So you are a company and you have 100 people in your audience. By audience I mean all the people who are active customers, past customers, potential customers and those who are interested in your products and services. Not everyone buys your stuff, at least not all the time. Some people just really like your company and follow it in one way or another. Other people are just browsing.
You'll find over time that the Pareto principle (sometimes described as the "80.20" rule) takes shape. Only a small portion of your audience drives that vast majority of your revenue. Let's say your version of the 80/20 rule is more like 75/25, meaning 25% of your audience generates 75% of your revenue. In this case, those 25 people drive $75 in revenue.
The big secret marketing is still difficult
So, how do you grow? There are really only two ways to do it (yes, I'm oversimplifying, but go with it).
If you want to double that revenue, you can find another 100 similar people and it's pretty likely that, over time, you see that 25% will be your buyers. For each new "set" of 100 people, you'll get another $75. The key is to find a whole bunch of new "sets" of people.
Sometimes, this method of growth is called "scale." That's the first way to grow.
The second way to grow is through "efficiency." Efficiency means doing a better job of turning your current audience into buyers: After all, the vast majority (75%) doesn’t buy your stuff. That's a lot of waste. To be more efficient you need to leverage data, insights, offers, promotions and other cross-sell and up-sell techniques to turn some of those non-buyers into buyers. To double your revenue, you need to convert 25 of those slackers into buyers. Now half the audience buys. Ultimately, you have changed your own 75/25 rule into a 50/50 rule!
Generally, scale is easier yet more expensive and wasteful. Efficiency is more difficult yet more enduring and profitable. Companies often have to choose between the two as a primary business strategy.
Now into the conference room strides a group of white suited concepts designed to make you a better marketer, particularly if you are using digital channels such as search and display advertising to find those new audiences. Each has a business card with a three letter acronym, including real time bidding (RTB), demand side platform (DSP), data management platform (DMP) and supply side platform (SSP). There are a lot of them, and they all come from this very scary place.

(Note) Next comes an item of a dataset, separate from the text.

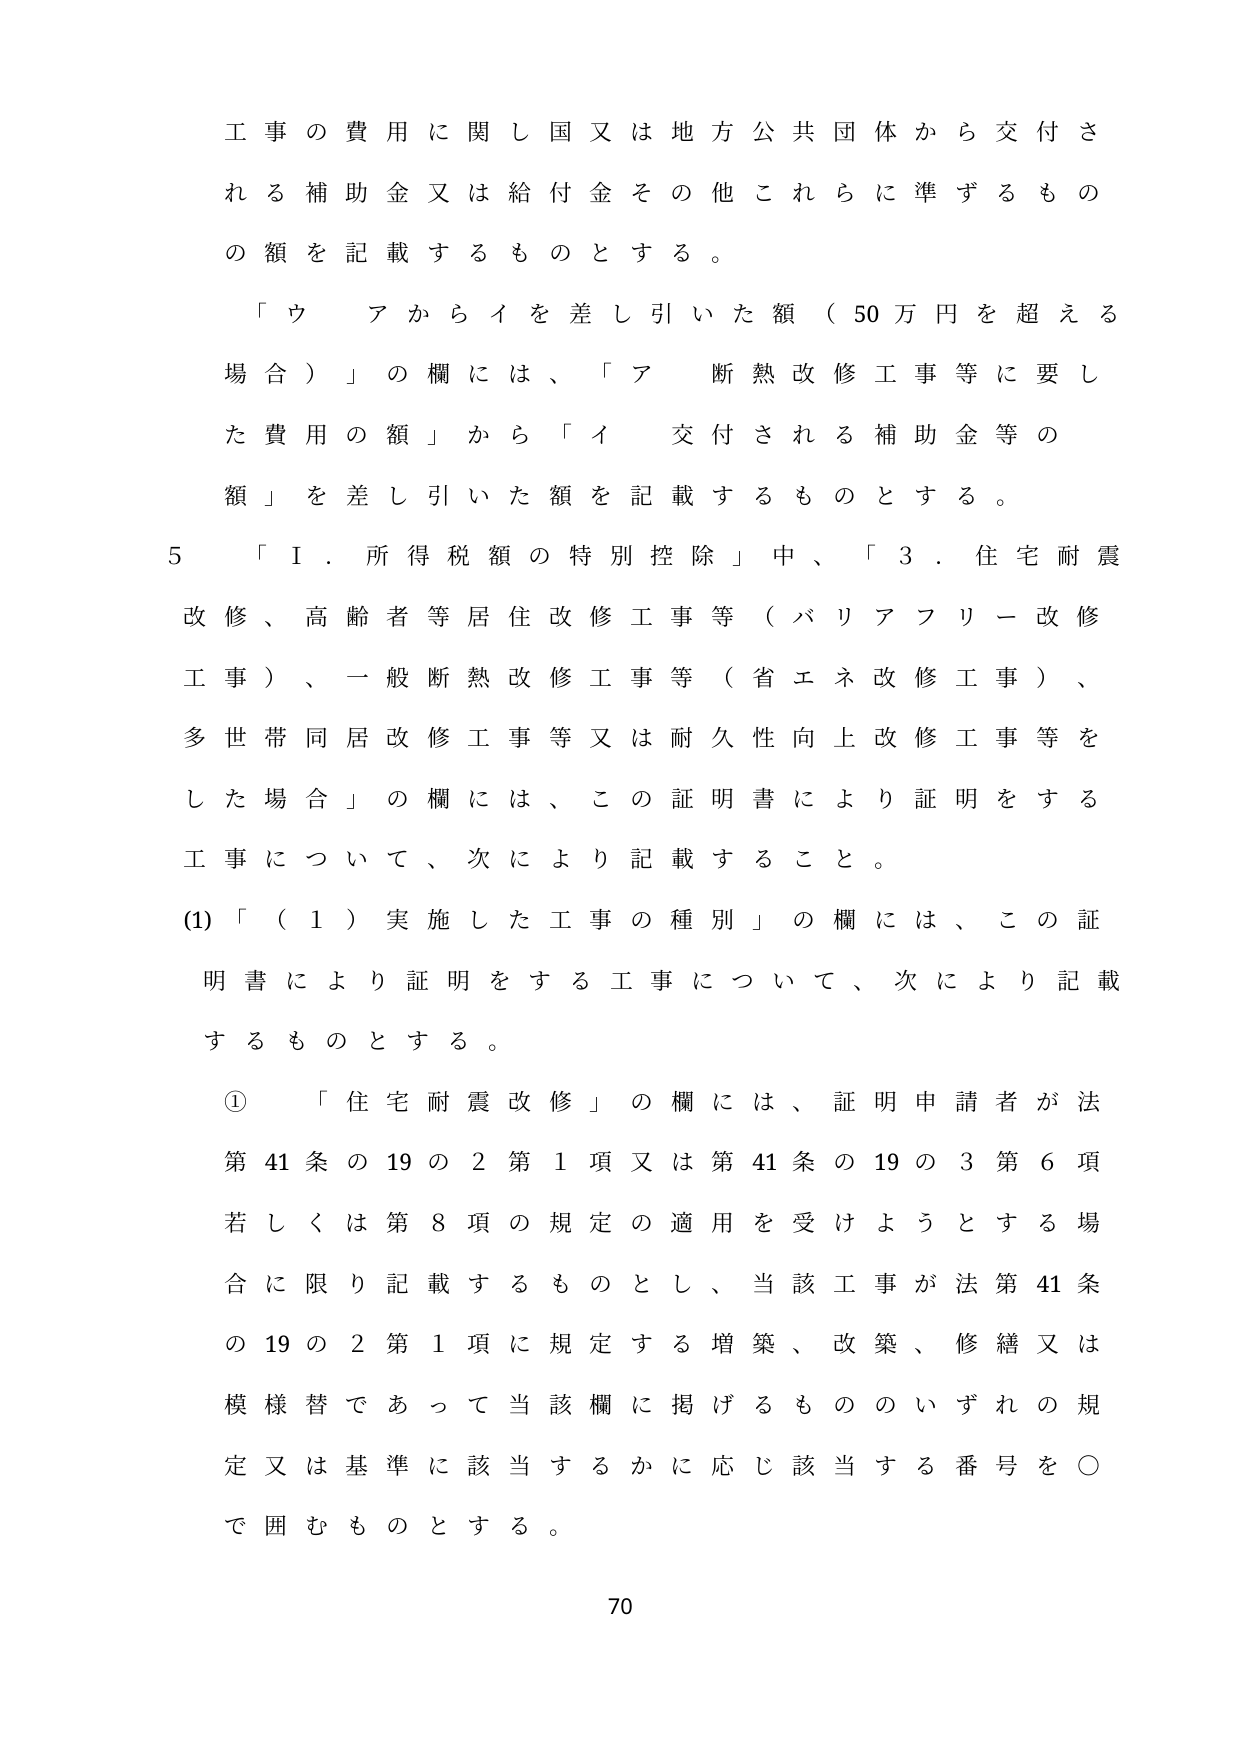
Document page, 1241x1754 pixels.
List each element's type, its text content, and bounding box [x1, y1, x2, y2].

They have a great story to tell you. They tell you that you no longer need to make the trade off between scale and efficiency. You can get both quality and quantity. All you need to do is let manage your digital media spend, or at least tag all your digital media and email, and maybe drive your off line media to a landing page and the technology will take care of the rest.
First, they'll help you better understand the buyers in your audience. The technologies will look at what your buyers do on the web, add a whole bunch of third party data and ask some smart analysts, who will use still more technologies, to create a more accurate portrait of your buyers. Once you understand your buyers better, you can use those insights to convert more of the NON-buyers to buyers (there are lots of ways to do this, such as email, re-targeting, etc.). You will be more efficient! You will change the 75/25 rule into 50/50.

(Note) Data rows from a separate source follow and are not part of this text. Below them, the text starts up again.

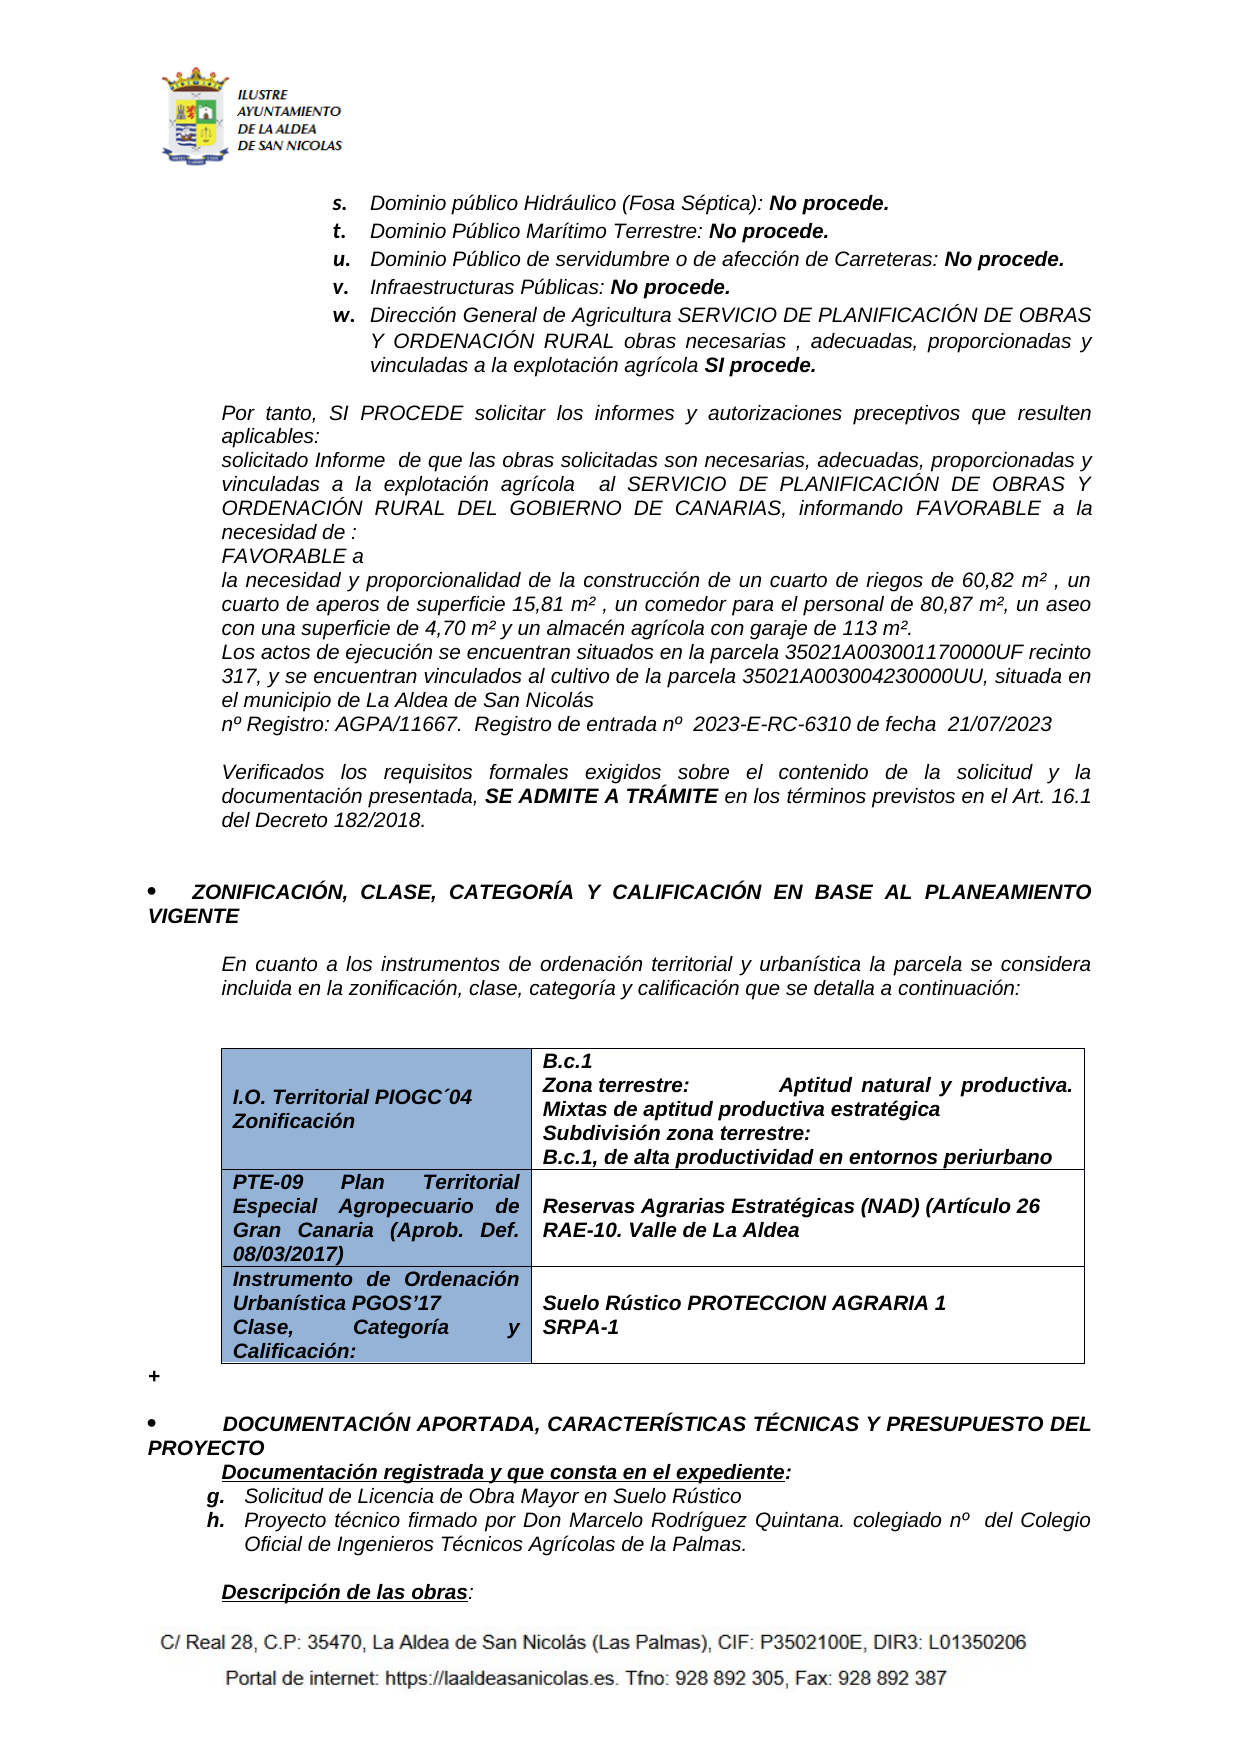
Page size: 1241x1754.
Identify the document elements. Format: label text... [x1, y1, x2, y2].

picture [148, 59, 358, 173]
table_cell Reservas Agrarias Estratégicas (NAD) (Artículo 26 RAE-10. Valle de La Aldea [532, 1170, 1084, 1266]
list Proyecto técnico firmado por Don Marcelo Rodríguez Quintana. colegiado nº del Colegio Oficial de Ingenieros Técnicos Agrícolas de la Palmas. [207, 1508, 1093, 1556]
table_header B.c.1 Zona terrestre: Aptitud natural y productiva. Mixtas de aptitud productiva estratégica Subdivisión zona terrestre: B.c.1, de alta productividad en entornos periurbano [532, 1049, 1084, 1169]
text Documentación registrada y que consta en el expediente: [221, 1460, 1093, 1484]
list Infraestructuras Públicas: No procede. [332, 272, 1093, 301]
text Verificados los requisitos formales exigidos sobre el contenido de la solicitud y la documentación presentada, SE ADMITE A TRÁMITE en los términos previstos en el Art. 16.1 del Decreto 182/2018. [221, 760, 1093, 832]
table_cell Suelo Rústico PROTECCION AGRARIA 1 SRPA-1 [532, 1267, 1084, 1362]
text la necesidad y proporcionalidad de la construcción de un cuarto de riegos de 60,82 m² , un cuarto de aperos de superficie 15,81 m² , un comedor para el personal de 80,87 m², un aseo con una superficie de 4,70 m² y un almacén agrícola con garaje de 113 m². [221, 568, 1093, 640]
text nº Registro: AGPA/11667. Registro de entrada nº 2023-E-RC-6310 de fecha 21/07/2023 [221, 712, 1093, 736]
list Dominio Público de servidumbre o de afección de Carreteras: No procede. [333, 244, 1093, 272]
list Dirección General de Agricultura SERVICIO DE PLANIFICACIÓN DE OBRAS Y ORDENACIÓN RURAL obras necesarias , adecuadas, proporcionadas y vinculadas a la explotación agrícola SI procede. [332, 301, 1093, 376]
list Dominio público Hidráulico (Fosa Séptica): No procede. [332, 188, 1093, 216]
list Dominio Público Marítimo Terrestre: No procede. [332, 216, 1093, 244]
text Los actos de ejecución se encuentran situados en la parcela 35021A003001170000UF recinto 317, y se encuentran vinculados al cultivo de la parcela 35021A003004230000UU, situada en el municipio de La Aldea de San Nicolás [221, 640, 1093, 712]
list ZONIFICACIÓN, CLASE, CATEGORÍA Y CALIFICACIÓN en base al planeamiento vigente [148, 879, 1093, 928]
list documentación aportada, características técnicas y presupuesto del proyecto [148, 1411, 1093, 1460]
table_cell PTE-09 Plan Territorial Especial Agropecuario de Gran Canaria (Aprob. Def. 08/03/2017) [222, 1170, 531, 1266]
text Por tanto, SI PROCEDE solicitar los informes y autorizaciones preceptivos que resulten aplicables: [221, 400, 1093, 448]
list Solicitud de Licencia de Obra Mayor en Suelo Rústico [207, 1484, 1093, 1508]
text solicitado Informe de que las obras solicitadas son necesarias, adecuadas, proporcionadas y vinculadas a la explotación agrícola al SERVICIO DE PLANIFICACIÓN DE OBRAS Y ORDENACIÓN RURAL DEL GOBIERNO DE CANARIAS, informando FAVORABLE a la necesidad de : [221, 448, 1093, 544]
text Descripción de las obras: [221, 1579, 1093, 1603]
text En cuanto a los instrumentos de ordenación territorial y urbanística la parcela se considera incluida en la zonificación, clase, categoría y calificación que se detalla a continuación: [221, 952, 1093, 1000]
picture [148, 1626, 1034, 1694]
text + [148, 1363, 1093, 1387]
table_cell Instrumento de Ordenación Urbanística PGOS’17 Clase, Categoría y Calificación: [222, 1267, 531, 1362]
text FAVORABLE a [221, 544, 1093, 568]
table_header I.O. Territorial PIOGC´04 Zonificación [222, 1049, 531, 1169]

Now, armed with that information, you can then go out and seek...people who look just like those buyers!! You no longer need to spend your resources acquiring the mass of un-differentiated non-buying slackers. Instead, feed the technology machine with all that data, and allow it to bring in only those people who are more likely to purchase your stuff.
But wait! There's more. You can buy those "audiences" over and over and over and over and over again. Now, you are not only finding customers more efficiently, but you are finding them at scale. VOILA! No more trade offs necessary!!

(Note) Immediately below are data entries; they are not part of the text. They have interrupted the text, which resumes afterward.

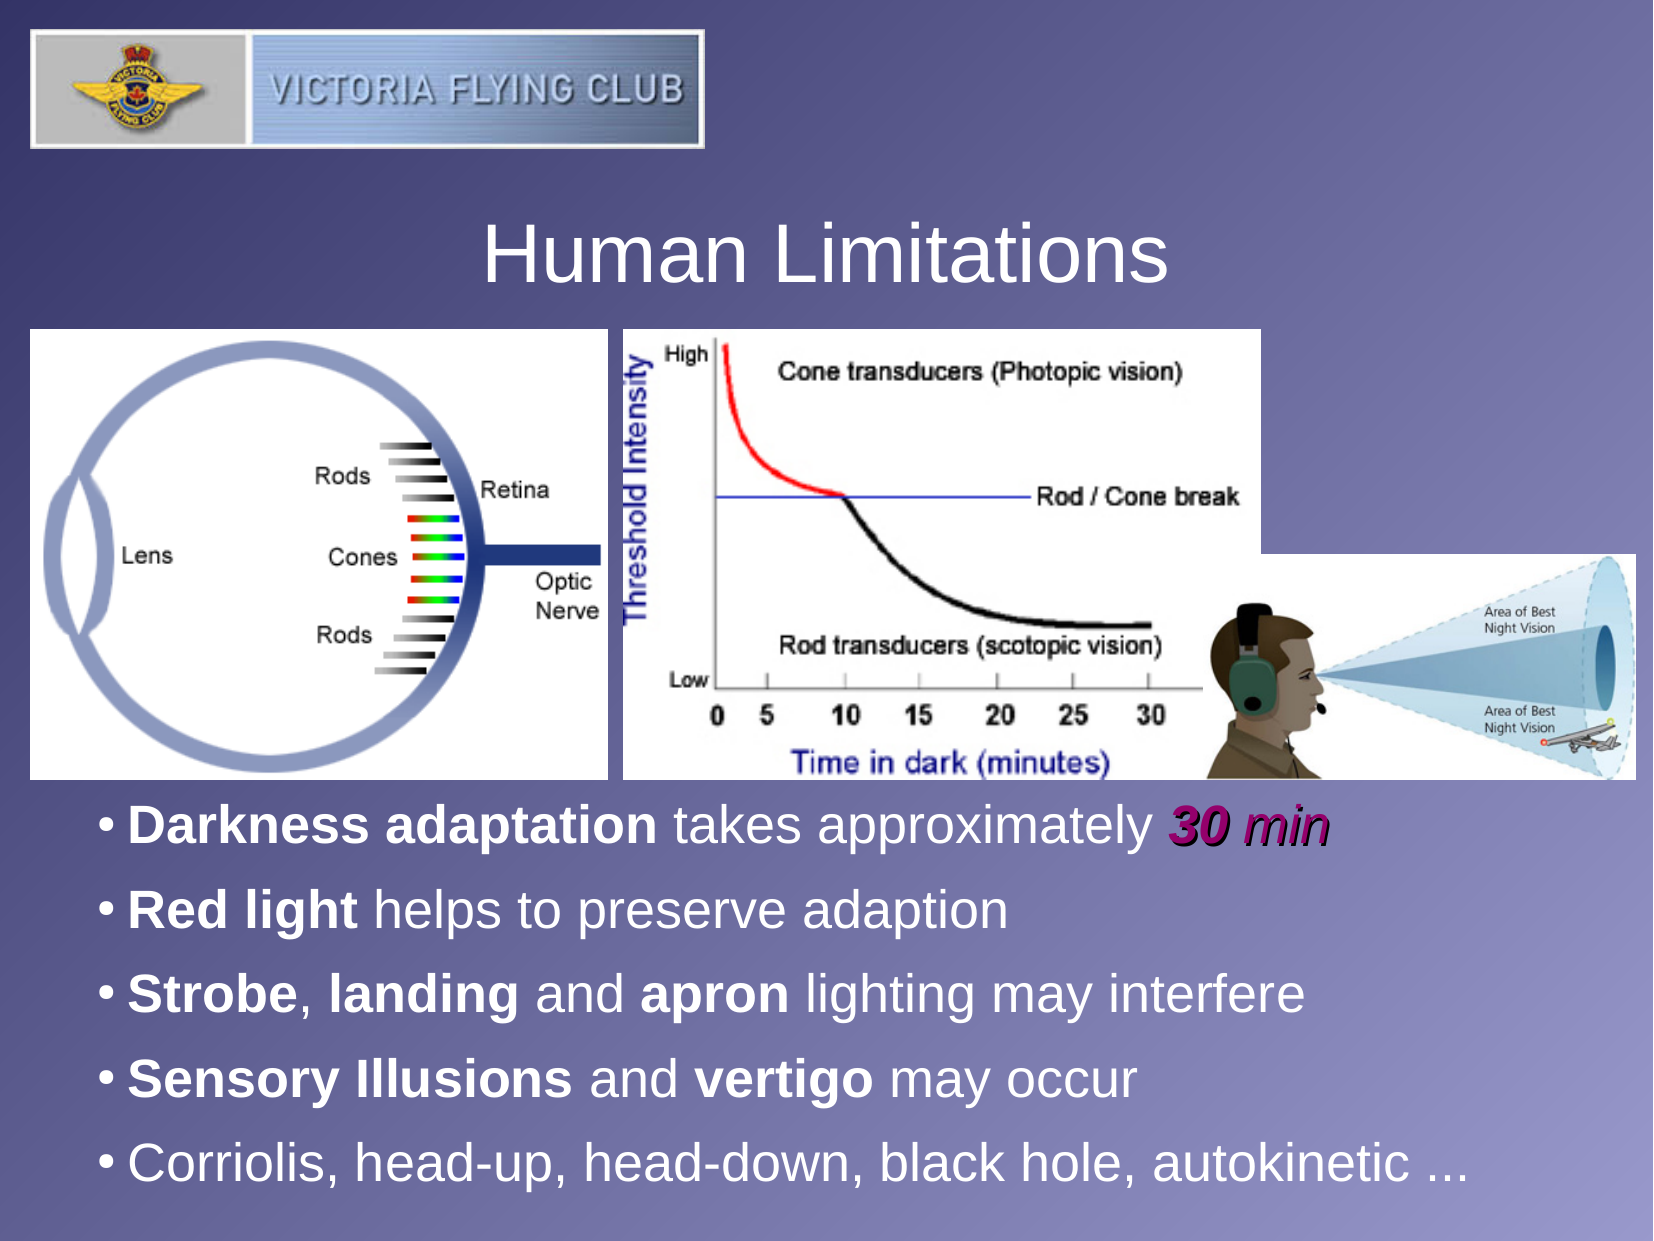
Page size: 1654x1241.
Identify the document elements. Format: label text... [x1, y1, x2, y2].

list Darkness adaptation takes approximately 30 min Red light helps to preserve adaption Strobe, landing and apron lighting may interfere Sensory Illusions and vertigo may occur Corriolis, head-up, head-down, black hole, autokinetic ... [82, 795, 1571, 1201]
picture [30, 29, 705, 149]
title Human Limitations [82, 150, 1571, 358]
picture [623, 329, 1636, 781]
picture [30, 329, 608, 781]

The thing is...it's not that simple. Turns out, not all of those little niche audiences of buyers can achieve any meaningful scale. At some point, and a lot sooner than we all thought, the ability to scale any individual audience tops out. In other words, the technologies will help you better understand who your buyers are likely to be, but there are just not as many out there as we thought.
No technology will solve everything. That's the big secret that no one will talk about, or at least we willfully forget when the conference room door opens. We so desperately want our jobs to be easier that we hope, HOPE, that something will come along and be the magic potion. But it doesn't exist.
Make sure you, and your agencies understand this. And be very skeptical of any technology vendor that oversells its value.
By the way, one company, [x +1], is owning up to the limits of these technologies. At a recent conference, they went through a case study of how they have helped a client address the situation.
So now what?
Well that's where it gets interesting, meaning you just are going to have to think a bit harder.
- You are going to have to incorporate these technologies into your marketing mix, but you can't rely on them totally.
- You are going to need to investigate other technologies that will help you better manage your upfront awareness (i.e. CPM/scale media) so you can keep finding new people, whether or not they are exactly the "buyers" you are looking for.
- You may have to live with your 75/25 rule for a while
- You need to beef up your CRM efforts and your creative to make sure you are talking to your customers, and listening to your customers in a way that best meets their needs
- You need to incorporate other buying tactics into your media plans (such as cost-per-engagement, cost-per-action) to help generate ROI throughout the purchase process
- You are going to have to get social
- You are going to have to experiment with mobile
- You are going to have to test advertising on the iPad, and other tablets
Wherever your consumers are, and however they interact with your company, you will need to be there.
Make no mistake. It's not going to be easy, but it will be fun.